There is an emerging illegal rave culture. No specific instances of proposed or attempted illegal raves at the Site have been identified. Vastint relies upon what happened at the East London site, and newspaper articles commenting on the rise of illegal raves; it considers that an empty warehouse on a part of the site known as the “Asda land” may be an attractive location for illegal raves.
On 29 May 2018, a high-profile incident occurred at a development site in Blackburn where 20 caravans and 25 vehicles caused significant damage to the value of £100,000.
As at 13 June 2018, it was anticipated that demolition would commence in autumn 2018. Remediation (which remains to be agreed) would then follow either at the end of 2018 or early 2019 and, subject to the progress of the first two phases, construction may commence in autumn 2019. There is no evidence before me regarding the anticipated duration of the construction phase of the works.
The position, in light of the evidence, may be described as follows:
Despite Vastint taking a number of measures to ensure the physical integrity of the Site, the threat of trespass remains. That threat is said to emanate from three, specific, sources:
Entry involving caravans, by travellers, seeking to establish a more than temporary, or more than purely transient, occupation of the Site.
Entry of persons organising, involved in, or participating in, raves.

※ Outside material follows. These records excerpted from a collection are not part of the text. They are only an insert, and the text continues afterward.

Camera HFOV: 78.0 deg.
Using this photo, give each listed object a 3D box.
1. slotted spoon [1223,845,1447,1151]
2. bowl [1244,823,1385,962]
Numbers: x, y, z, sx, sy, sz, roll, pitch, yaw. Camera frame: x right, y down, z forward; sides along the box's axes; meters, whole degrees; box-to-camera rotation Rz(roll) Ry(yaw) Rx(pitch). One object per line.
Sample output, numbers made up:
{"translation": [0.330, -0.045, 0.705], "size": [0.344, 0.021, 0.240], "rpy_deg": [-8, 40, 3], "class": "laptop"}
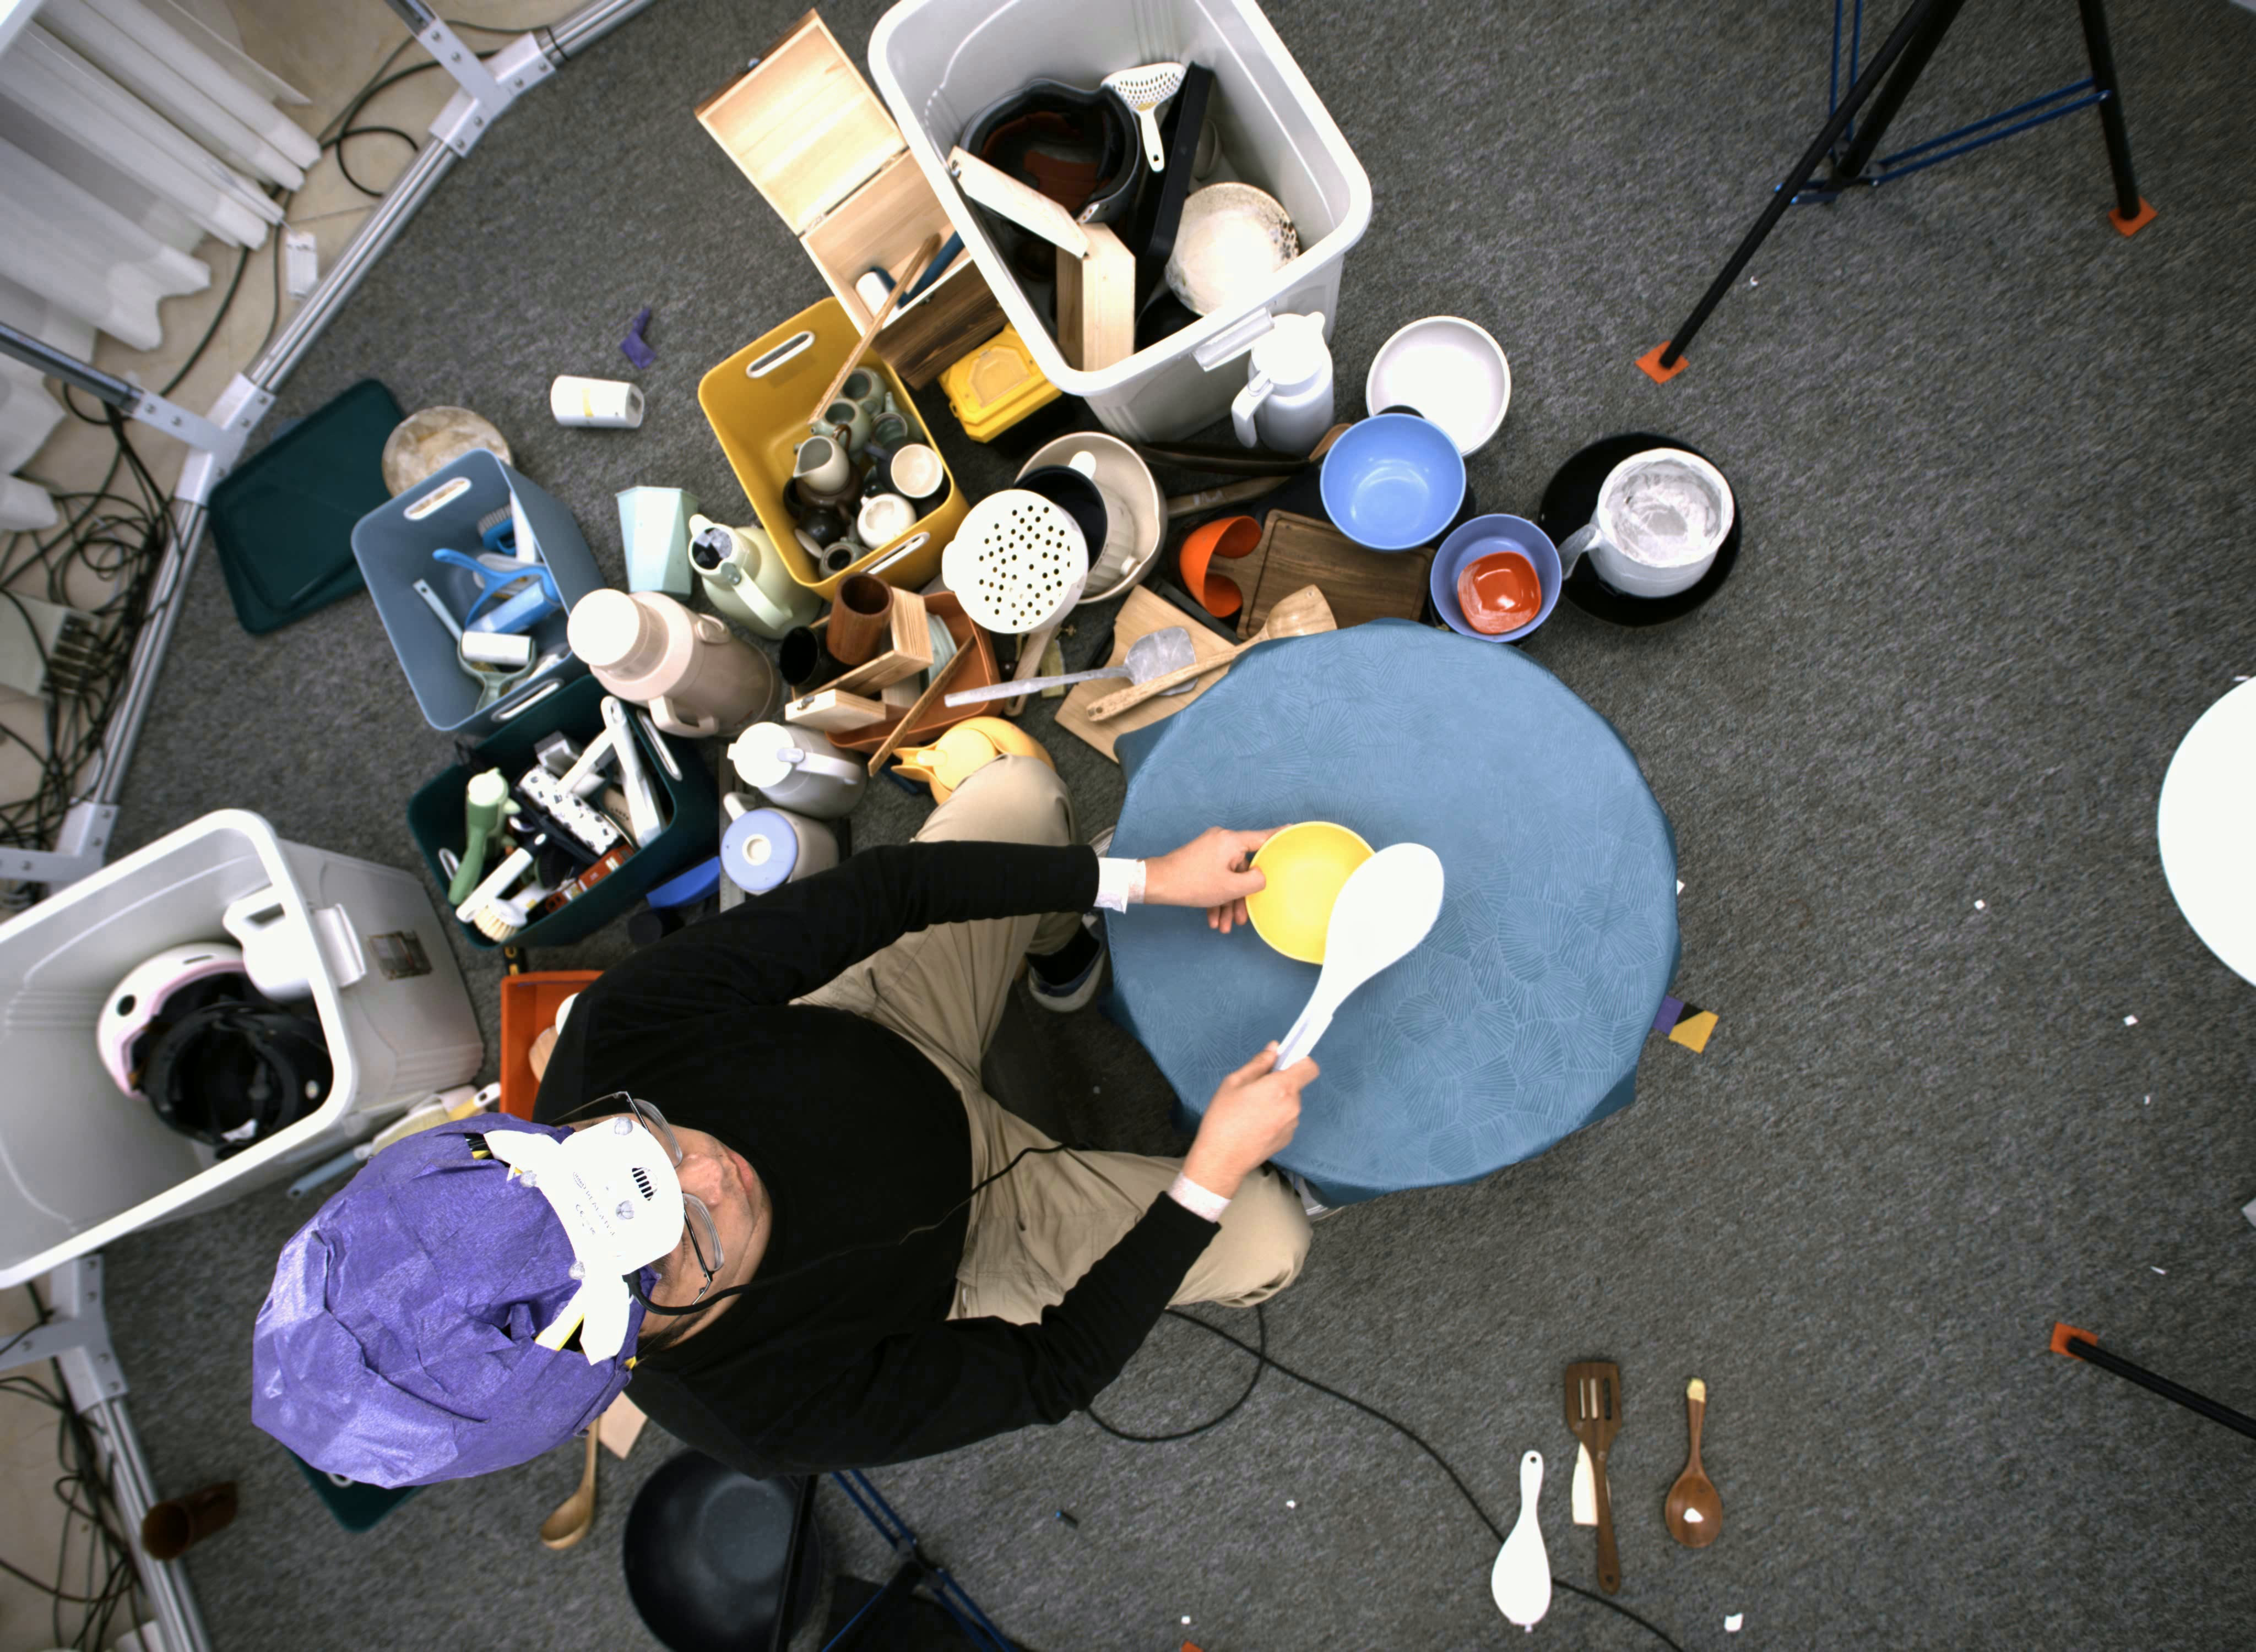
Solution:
{"translation": [0.200, 0.168, 1.354], "size": [0.046, 0.135, 0.349], "rpy_deg": [39, 88, -26], "class": "slotted spoon"}
{"translation": [0.195, 0.071, 1.446], "size": [0.146, 0.060, 0.144], "rpy_deg": [-1, 84, 9], "class": "bowl"}
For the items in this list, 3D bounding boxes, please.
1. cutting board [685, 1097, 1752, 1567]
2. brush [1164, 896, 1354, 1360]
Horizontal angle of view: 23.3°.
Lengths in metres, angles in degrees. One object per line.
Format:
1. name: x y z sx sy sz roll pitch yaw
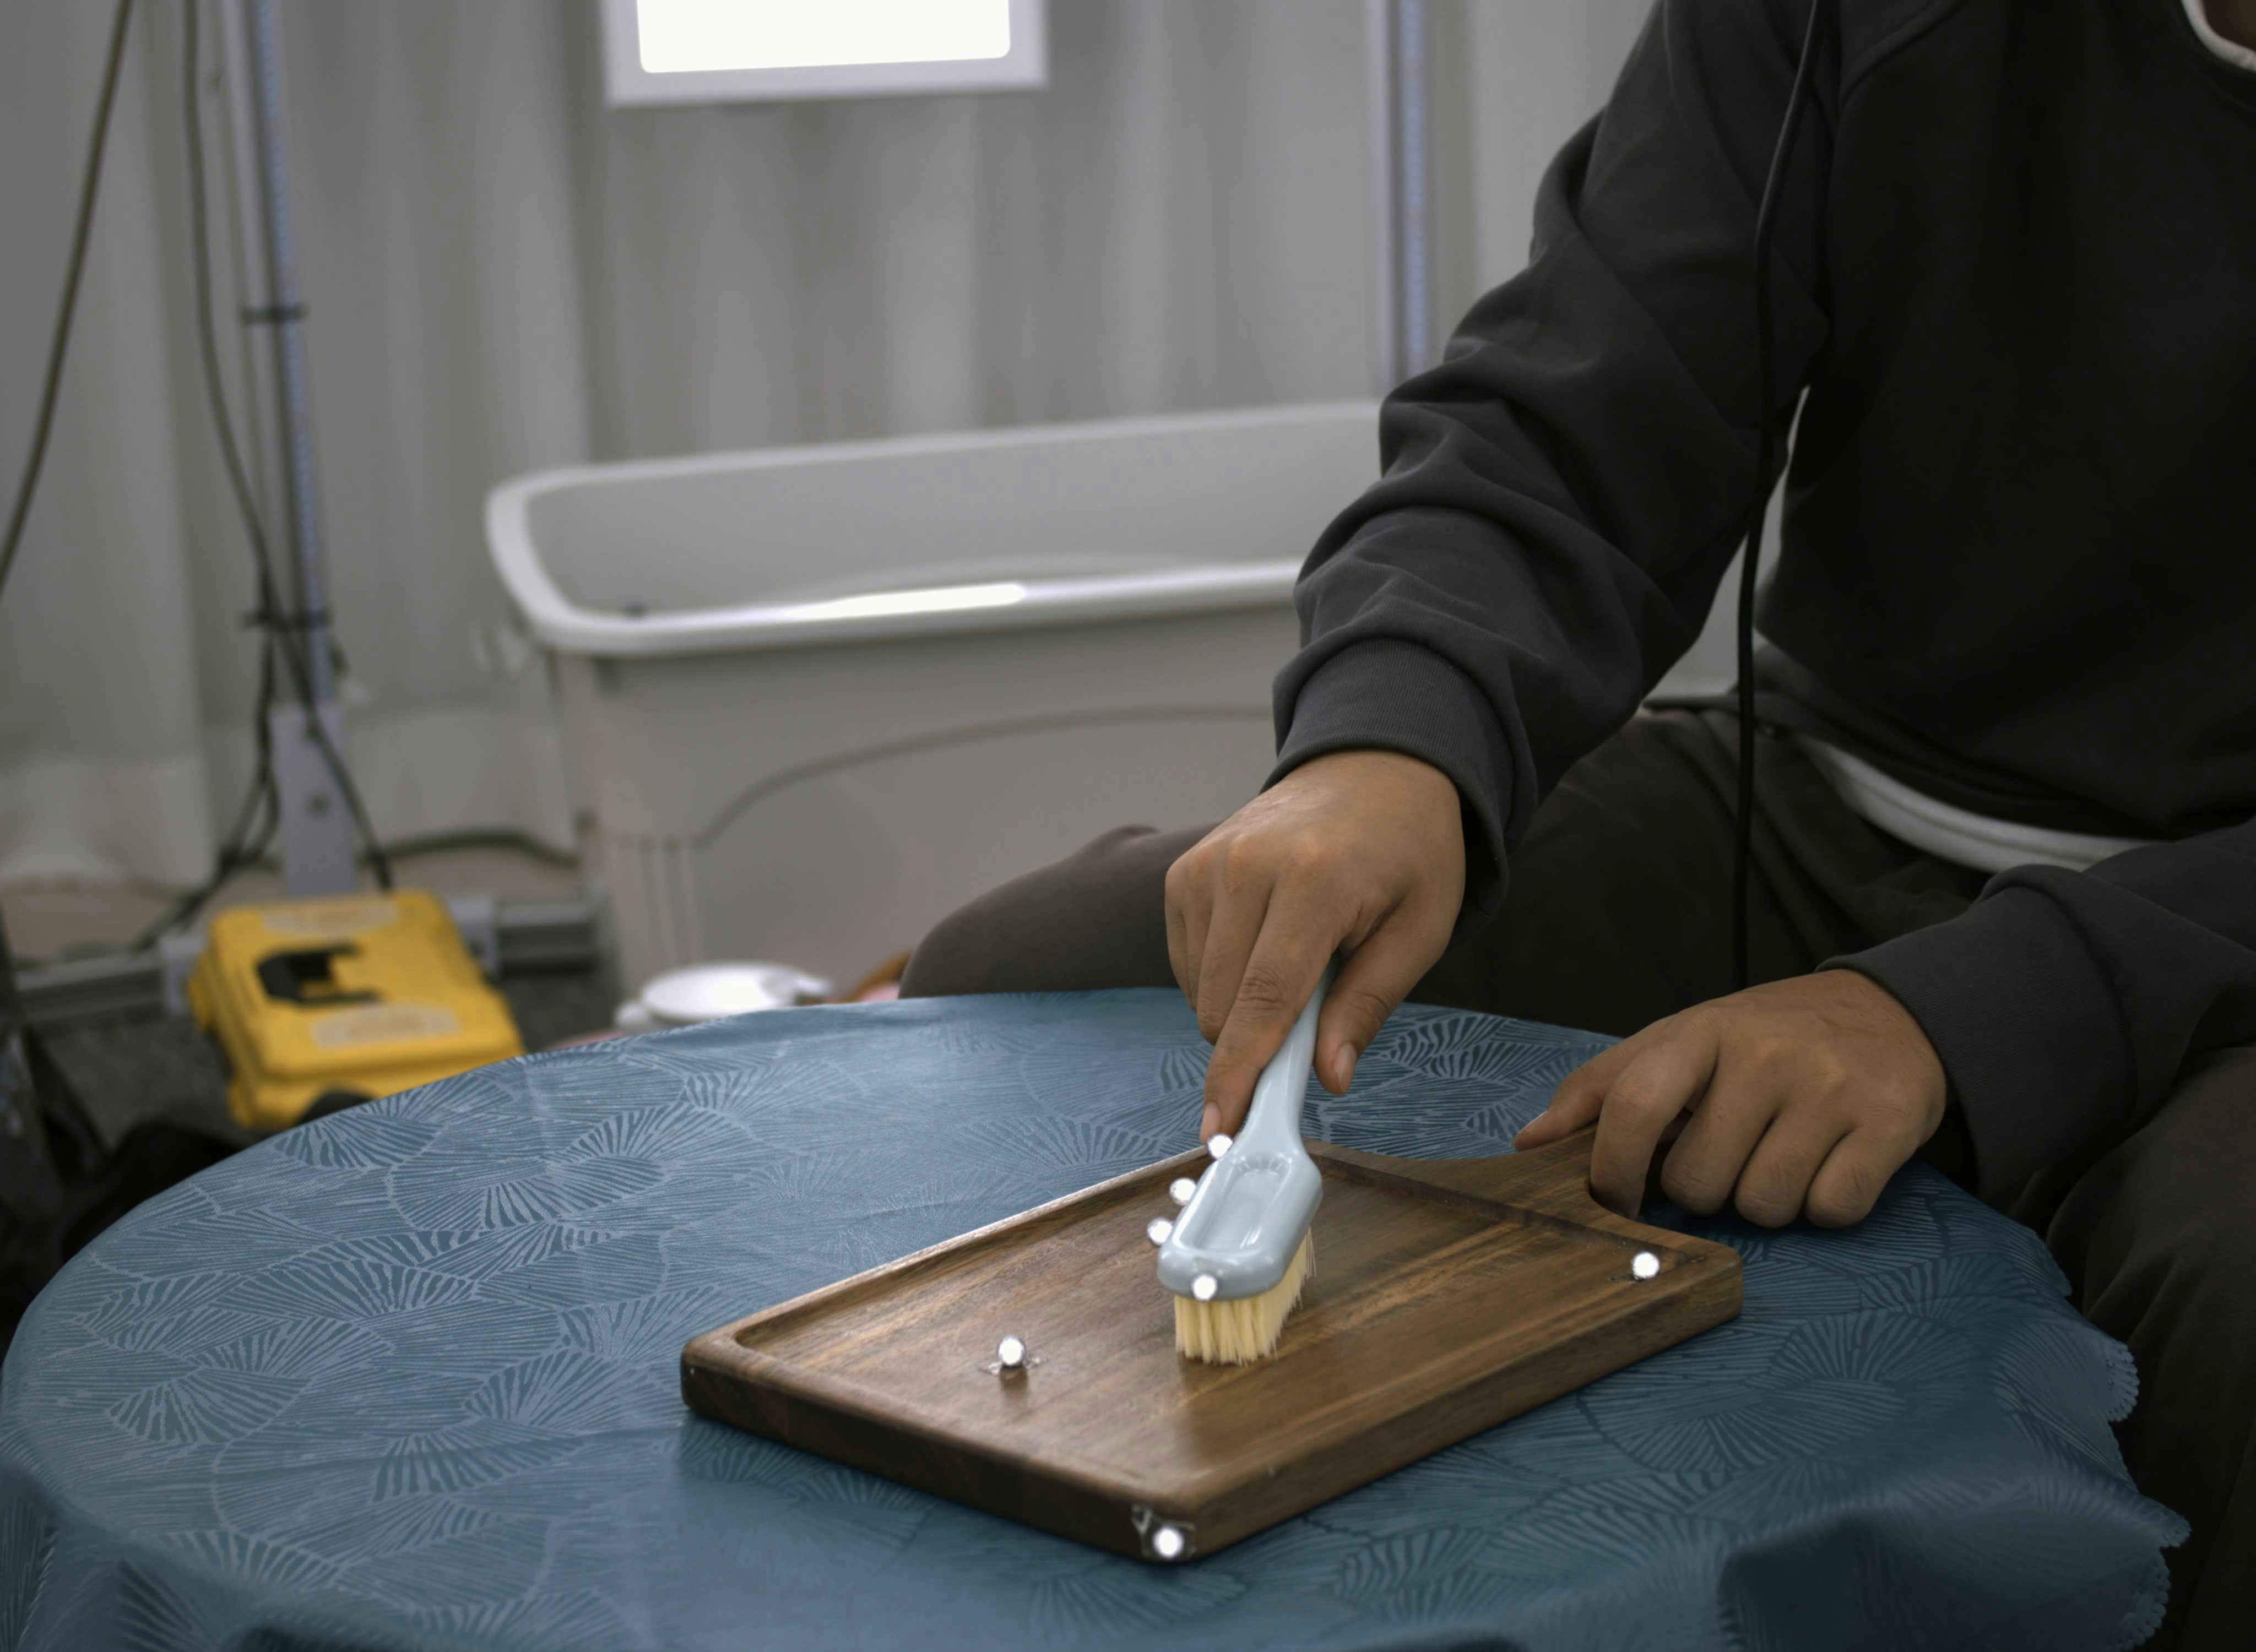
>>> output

Entry of persons seeking to use the Site for fly-tipping.
The evidence regarding the level of the threat from these sources becomes more exiguous as the three sources, described in the preceding sub-paragraph, are individually considered:
There is evidence of actual past entry onto the Estate and/or the Site involving caravans. I do not consider that it is especially profitable to differentiate between trespass involving the Estate and trespass involving the Site. One (the Site) is a subset of the other (the Estate), and in my judgment, trespass onto the Estate albeit not involving the Site is good evidence of a risk of this sort of trespass to the Site.
There is no evidence of actual past entry onto the Estate or the Site for the purpose of raves. Vastint’s concern regarding this particular threat is informed by what has occurred at the East London site of its sister company, combined with the existence of premises on the Site (the Asda land) which are attractive to those organising raves.
There is limited evidence of actual past entry onto other Vastint group properties for the purposes of fly-tipping, and there are cases involving the property of third parties, including third party developers.
In terms of the risks that exist in the case of trespass, these are twofold:
First, there are risks to the health and safety of those trespassing (to whom Vastint owes a limited duty of care) as well as risks to the health and safety of those having to deal with such trespass (which persons will include employees and contractors engaged by Vastint, to whom a rather more extensive duty of care will be owed). Obviously, were injury or worse to be sustained by a person, that is only compensable in damages in the most rudimentary way. It is clearly better that the trespass – and the consequent risk to health and safety – not occur.
Secondly, Vastint may well, in the case of trespass, incur significant costs in dealing with such trespass which (albeit theoretically recoverable from the trespasser) are likely to prove in practice irrecoverable.
In terms of the benefits that an injunction enjoining persons (or a class of person) from entering the Site would confer, these are threefold:
First, it was stressed to me that the effect of a court order, enjoining entry, was (in Vastint’s experience) a material one; and that this effect was overand-above the deterrence provided by Vastint’s other measures to maintain the integrity of the Site. In short, an injunction, if granted, would have a real effect in preserving the Site from trespass.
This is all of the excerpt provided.